SOURCE INFORMATION: Begin

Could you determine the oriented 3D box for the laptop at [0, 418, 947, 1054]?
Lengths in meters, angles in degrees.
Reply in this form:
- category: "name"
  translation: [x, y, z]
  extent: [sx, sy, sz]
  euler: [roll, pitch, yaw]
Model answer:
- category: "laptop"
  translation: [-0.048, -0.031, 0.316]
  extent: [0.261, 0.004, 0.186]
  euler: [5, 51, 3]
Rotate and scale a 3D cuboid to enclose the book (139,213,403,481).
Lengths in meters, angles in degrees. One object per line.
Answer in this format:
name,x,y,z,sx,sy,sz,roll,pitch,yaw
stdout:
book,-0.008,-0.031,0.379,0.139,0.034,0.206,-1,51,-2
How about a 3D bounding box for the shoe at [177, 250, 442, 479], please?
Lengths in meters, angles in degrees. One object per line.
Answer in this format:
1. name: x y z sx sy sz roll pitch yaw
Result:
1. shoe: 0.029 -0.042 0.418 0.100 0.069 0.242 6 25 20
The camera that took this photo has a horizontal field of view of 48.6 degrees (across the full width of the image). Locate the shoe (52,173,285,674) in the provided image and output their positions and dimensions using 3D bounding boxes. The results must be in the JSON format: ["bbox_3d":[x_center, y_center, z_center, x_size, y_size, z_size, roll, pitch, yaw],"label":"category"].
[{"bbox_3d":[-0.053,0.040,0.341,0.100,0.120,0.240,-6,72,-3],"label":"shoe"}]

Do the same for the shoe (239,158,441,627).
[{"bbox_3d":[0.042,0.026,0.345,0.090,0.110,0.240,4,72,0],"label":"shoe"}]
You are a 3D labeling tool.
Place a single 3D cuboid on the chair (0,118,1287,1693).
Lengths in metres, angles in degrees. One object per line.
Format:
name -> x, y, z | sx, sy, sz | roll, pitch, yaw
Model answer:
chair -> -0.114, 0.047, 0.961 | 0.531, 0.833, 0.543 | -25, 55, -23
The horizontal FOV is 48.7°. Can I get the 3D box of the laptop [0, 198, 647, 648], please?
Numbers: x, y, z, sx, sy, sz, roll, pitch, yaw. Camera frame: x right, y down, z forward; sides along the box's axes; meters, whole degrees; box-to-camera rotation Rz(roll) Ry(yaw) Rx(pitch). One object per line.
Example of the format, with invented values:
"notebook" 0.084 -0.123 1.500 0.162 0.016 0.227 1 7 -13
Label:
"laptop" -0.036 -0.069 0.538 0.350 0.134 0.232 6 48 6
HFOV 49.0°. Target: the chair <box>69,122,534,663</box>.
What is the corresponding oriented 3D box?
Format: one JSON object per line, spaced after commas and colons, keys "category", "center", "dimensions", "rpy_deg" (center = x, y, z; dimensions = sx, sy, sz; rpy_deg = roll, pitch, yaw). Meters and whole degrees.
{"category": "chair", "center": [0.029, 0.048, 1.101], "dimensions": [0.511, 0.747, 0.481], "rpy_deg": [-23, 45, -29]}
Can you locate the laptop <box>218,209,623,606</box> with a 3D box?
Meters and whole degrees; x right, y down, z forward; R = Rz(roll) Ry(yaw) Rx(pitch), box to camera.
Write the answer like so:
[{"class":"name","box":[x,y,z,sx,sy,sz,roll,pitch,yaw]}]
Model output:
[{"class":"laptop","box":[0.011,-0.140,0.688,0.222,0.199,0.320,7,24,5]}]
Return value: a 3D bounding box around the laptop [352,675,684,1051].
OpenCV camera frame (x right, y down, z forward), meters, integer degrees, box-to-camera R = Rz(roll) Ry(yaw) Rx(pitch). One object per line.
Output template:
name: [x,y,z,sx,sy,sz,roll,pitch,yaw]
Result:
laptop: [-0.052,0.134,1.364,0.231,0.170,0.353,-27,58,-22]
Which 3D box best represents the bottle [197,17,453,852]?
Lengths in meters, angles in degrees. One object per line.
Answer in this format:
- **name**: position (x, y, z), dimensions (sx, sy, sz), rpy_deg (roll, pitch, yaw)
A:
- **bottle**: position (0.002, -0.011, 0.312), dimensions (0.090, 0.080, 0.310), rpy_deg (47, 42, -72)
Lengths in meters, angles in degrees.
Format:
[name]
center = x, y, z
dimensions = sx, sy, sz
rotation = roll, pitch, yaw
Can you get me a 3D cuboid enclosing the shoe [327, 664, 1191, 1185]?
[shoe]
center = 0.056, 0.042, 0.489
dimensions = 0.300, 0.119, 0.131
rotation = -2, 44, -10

SOURCE INFORMATION: End

**WHAT NEEDS TO BE DONE**
All of the data needs to be reproduced exactly, with no line missing.

**WRITTEN SOLUTION**
Could you determine the oriented 3D box for the laptop at [0, 418, 947, 1054]?
Lengths in meters, angles in degrees.
Reply in this form:
- category: "name"
  translation: [x, y, z]
  extent: [sx, sy, sz]
  euler: [roll, pitch, yaw]
Model answer:
- category: "laptop"
  translation: [-0.048, -0.031, 0.316]
  extent: [0.261, 0.004, 0.186]
  euler: [5, 51, 3]
Rotate and scale a 3D cuboid to enclose the book (139,213,403,481).
Lengths in meters, angles in degrees. One object per line.
Answer in this format:
name,x,y,z,sx,sy,sz,roll,pitch,yaw
stdout:
book,-0.008,-0.031,0.379,0.139,0.034,0.206,-1,51,-2
How about a 3D bounding box for the shoe at [177, 250, 442, 479], please?
Lengths in meters, angles in degrees. One object per line.
Answer in this format:
1. name: x y z sx sy sz roll pitch yaw
Result:
1. shoe: 0.029 -0.042 0.418 0.100 0.069 0.242 6 25 20
The camera that took this photo has a horizontal field of view of 48.6 degrees (across the full width of the image). Locate the shoe (52,173,285,674) in the provided image and output their positions and dimensions using 3D bounding boxes. The results must be in the JSON format: ["bbox_3d":[x_center, y_center, z_center, x_size, y_size, z_size, roll, pitch, yaw],"label":"category"].
[{"bbox_3d":[-0.053,0.040,0.341,0.100,0.120,0.240,-6,72,-3],"label":"shoe"}]

Do the same for the shoe (239,158,441,627).
[{"bbox_3d":[0.042,0.026,0.345,0.090,0.110,0.240,4,72,0],"label":"shoe"}]
You are a 3D labeling tool.
Place a single 3D cuboid on the chair (0,118,1287,1693).
Lengths in metres, angles in degrees. One object per line.
Format:
name -> x, y, z | sx, sy, sz | roll, pitch, yaw
Model answer:
chair -> -0.114, 0.047, 0.961 | 0.531, 0.833, 0.543 | -25, 55, -23
The horizontal FOV is 48.7°. Can I get the 3D box of the laptop [0, 198, 647, 648], please?
Numbers: x, y, z, sx, sy, sz, roll, pitch, yaw. Camera frame: x right, y down, z forward; sides along the box's axes; meters, whole degrees; box-to-camera rotation Rz(roll) Ry(yaw) Rx(pitch). One object per line.
Example of the format, with invented values:
"notebook" 0.084 -0.123 1.500 0.162 0.016 0.227 1 7 -13
Label:
"laptop" -0.036 -0.069 0.538 0.350 0.134 0.232 6 48 6
HFOV 49.0°. Target: the chair <box>69,122,534,663</box>.
What is the corresponding oriented 3D box?
Format: one JSON object per line, spaced after commas and colons, keys "category", "center", "dimensions", "rpy_deg" (center = x, y, z; dimensions = sx, sy, sz; rpy_deg = roll, pitch, yaw). Meters and whole degrees.
{"category": "chair", "center": [0.029, 0.048, 1.101], "dimensions": [0.511, 0.747, 0.481], "rpy_deg": [-23, 45, -29]}
Can you locate the laptop <box>218,209,623,606</box> with a 3D box?
Meters and whole degrees; x right, y down, z forward; R = Rz(roll) Ry(yaw) Rx(pitch), box to camera.
Write the answer like so:
[{"class":"name","box":[x,y,z,sx,sy,sz,roll,pitch,yaw]}]
Model output:
[{"class":"laptop","box":[0.011,-0.140,0.688,0.222,0.199,0.320,7,24,5]}]
Return value: a 3D bounding box around the laptop [352,675,684,1051].
OpenCV camera frame (x right, y down, z forward), meters, integer degrees, box-to-camera R = Rz(roll) Ry(yaw) Rx(pitch). One object per line.
Output template:
name: [x,y,z,sx,sy,sz,roll,pitch,yaw]
Result:
laptop: [-0.052,0.134,1.364,0.231,0.170,0.353,-27,58,-22]
Which 3D box best represents the bottle [197,17,453,852]?
Lengths in meters, angles in degrees. One object per line.
Answer in this format:
- **name**: position (x, y, z), dimensions (sx, sy, sz), rpy_deg (roll, pitch, yaw)
A:
- **bottle**: position (0.002, -0.011, 0.312), dimensions (0.090, 0.080, 0.310), rpy_deg (47, 42, -72)
Lengths in meters, angles in degrees.
Format:
[name]
center = x, y, z
dimensions = sx, sy, sz
rotation = roll, pitch, yaw
Can you get me a 3D cuboid enclosing the shoe [327, 664, 1191, 1185]?
[shoe]
center = 0.056, 0.042, 0.489
dimensions = 0.300, 0.119, 0.131
rotation = -2, 44, -10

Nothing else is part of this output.